Exercise :: Your reply should hold only the lines from the records below where "section" occurs.

——

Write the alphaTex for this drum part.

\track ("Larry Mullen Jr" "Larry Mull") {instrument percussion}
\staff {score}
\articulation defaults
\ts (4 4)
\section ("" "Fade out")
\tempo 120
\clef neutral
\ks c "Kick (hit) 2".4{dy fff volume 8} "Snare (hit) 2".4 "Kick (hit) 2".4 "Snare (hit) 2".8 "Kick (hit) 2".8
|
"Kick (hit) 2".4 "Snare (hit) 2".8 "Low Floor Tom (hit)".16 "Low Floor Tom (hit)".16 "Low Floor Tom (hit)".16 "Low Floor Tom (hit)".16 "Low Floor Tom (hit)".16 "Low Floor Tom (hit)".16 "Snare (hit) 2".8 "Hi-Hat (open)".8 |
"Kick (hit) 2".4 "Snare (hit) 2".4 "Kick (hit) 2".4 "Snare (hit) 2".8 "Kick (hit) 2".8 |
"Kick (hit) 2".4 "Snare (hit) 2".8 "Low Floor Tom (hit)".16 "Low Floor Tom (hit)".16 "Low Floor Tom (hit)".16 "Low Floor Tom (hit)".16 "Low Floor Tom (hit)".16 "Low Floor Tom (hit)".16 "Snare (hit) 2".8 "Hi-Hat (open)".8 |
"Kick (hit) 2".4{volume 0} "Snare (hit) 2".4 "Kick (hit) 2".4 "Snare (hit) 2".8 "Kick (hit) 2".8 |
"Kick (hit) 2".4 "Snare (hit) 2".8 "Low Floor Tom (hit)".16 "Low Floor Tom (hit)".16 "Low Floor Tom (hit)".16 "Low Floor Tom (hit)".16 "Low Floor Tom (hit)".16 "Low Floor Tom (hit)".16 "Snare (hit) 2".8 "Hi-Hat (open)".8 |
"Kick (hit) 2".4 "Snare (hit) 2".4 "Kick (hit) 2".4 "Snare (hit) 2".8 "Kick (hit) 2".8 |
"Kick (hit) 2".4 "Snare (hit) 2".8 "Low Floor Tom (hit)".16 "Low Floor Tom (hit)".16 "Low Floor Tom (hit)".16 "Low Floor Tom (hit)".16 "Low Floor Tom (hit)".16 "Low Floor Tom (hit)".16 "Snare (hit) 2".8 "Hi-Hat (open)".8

——

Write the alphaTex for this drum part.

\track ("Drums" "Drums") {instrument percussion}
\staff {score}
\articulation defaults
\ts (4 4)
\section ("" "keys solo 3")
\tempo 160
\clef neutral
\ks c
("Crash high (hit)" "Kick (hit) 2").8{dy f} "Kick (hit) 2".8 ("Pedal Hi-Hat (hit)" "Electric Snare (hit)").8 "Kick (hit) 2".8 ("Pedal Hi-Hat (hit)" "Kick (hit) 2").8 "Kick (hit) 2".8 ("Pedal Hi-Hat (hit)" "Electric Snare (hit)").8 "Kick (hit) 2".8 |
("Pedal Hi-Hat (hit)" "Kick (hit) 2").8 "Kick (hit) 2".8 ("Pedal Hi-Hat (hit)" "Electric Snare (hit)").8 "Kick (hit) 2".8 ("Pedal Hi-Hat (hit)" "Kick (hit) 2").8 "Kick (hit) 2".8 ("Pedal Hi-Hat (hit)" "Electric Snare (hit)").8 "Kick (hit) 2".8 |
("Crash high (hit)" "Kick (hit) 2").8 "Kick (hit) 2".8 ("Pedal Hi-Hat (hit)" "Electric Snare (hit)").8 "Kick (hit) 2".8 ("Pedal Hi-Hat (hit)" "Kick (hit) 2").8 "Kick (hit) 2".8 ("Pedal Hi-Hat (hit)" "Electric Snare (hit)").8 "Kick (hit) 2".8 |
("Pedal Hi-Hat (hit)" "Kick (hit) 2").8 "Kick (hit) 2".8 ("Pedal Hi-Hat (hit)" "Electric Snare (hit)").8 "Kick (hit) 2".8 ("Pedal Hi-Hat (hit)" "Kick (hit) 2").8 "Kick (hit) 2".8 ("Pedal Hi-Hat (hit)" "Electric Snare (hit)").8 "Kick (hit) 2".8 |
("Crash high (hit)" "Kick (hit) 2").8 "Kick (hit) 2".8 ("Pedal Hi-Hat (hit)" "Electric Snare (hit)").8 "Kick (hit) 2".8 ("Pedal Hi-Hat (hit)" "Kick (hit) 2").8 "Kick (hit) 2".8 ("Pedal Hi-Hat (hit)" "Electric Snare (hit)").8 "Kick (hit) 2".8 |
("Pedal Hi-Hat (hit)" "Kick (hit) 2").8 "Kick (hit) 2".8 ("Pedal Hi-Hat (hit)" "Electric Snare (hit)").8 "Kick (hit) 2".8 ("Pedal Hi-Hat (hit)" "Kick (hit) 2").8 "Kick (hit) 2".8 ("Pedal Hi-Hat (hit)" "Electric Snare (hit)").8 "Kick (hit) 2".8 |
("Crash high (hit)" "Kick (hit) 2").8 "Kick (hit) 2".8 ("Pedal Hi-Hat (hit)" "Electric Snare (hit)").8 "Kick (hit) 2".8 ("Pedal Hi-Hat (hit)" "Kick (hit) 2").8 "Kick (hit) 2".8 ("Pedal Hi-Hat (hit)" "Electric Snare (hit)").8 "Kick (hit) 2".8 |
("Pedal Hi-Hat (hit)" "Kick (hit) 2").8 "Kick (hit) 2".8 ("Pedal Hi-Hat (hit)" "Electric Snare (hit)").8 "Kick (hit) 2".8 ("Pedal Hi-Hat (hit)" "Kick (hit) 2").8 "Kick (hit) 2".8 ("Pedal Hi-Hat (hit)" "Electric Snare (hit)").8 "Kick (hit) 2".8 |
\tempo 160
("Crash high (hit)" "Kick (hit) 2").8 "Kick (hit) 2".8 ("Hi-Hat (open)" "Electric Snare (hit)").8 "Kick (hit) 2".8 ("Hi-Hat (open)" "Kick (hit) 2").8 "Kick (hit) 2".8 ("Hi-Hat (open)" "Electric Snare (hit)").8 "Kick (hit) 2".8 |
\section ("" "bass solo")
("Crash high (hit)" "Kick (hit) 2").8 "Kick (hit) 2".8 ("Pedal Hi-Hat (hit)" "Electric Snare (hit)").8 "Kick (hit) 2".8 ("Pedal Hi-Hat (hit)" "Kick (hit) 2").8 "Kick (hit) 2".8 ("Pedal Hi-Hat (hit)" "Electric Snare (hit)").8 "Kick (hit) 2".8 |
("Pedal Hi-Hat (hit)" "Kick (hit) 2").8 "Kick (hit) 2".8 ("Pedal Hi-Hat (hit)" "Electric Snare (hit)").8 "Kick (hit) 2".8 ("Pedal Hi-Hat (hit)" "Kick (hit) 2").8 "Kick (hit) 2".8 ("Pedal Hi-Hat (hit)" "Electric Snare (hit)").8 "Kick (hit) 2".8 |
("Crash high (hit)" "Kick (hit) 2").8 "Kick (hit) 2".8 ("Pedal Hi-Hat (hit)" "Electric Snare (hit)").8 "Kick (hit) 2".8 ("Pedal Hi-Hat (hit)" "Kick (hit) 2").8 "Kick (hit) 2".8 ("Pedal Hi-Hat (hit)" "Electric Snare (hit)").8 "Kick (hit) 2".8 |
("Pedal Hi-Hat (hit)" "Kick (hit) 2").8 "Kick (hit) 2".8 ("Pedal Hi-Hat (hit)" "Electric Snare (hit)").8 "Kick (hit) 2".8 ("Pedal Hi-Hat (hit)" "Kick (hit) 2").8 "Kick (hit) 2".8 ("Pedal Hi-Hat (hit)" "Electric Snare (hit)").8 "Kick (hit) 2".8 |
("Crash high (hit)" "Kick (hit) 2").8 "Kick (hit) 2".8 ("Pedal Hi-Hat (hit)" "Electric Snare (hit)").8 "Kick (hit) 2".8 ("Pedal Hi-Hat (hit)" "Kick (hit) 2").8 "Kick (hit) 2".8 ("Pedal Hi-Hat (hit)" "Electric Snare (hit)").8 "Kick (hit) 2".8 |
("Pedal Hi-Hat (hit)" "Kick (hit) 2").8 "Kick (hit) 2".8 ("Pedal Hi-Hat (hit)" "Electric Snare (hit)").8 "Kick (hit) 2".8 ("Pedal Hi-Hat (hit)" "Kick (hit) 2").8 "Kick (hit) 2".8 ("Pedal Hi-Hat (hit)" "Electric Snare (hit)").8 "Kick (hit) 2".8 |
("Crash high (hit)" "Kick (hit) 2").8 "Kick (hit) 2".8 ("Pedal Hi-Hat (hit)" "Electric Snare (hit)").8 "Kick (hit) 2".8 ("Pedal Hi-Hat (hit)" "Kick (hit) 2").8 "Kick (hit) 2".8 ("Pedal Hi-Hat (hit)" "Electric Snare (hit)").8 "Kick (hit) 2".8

——

Worked solution ::
\section ("" "Fade out")
\section ("" "keys solo 3")
\section ("" "bass solo")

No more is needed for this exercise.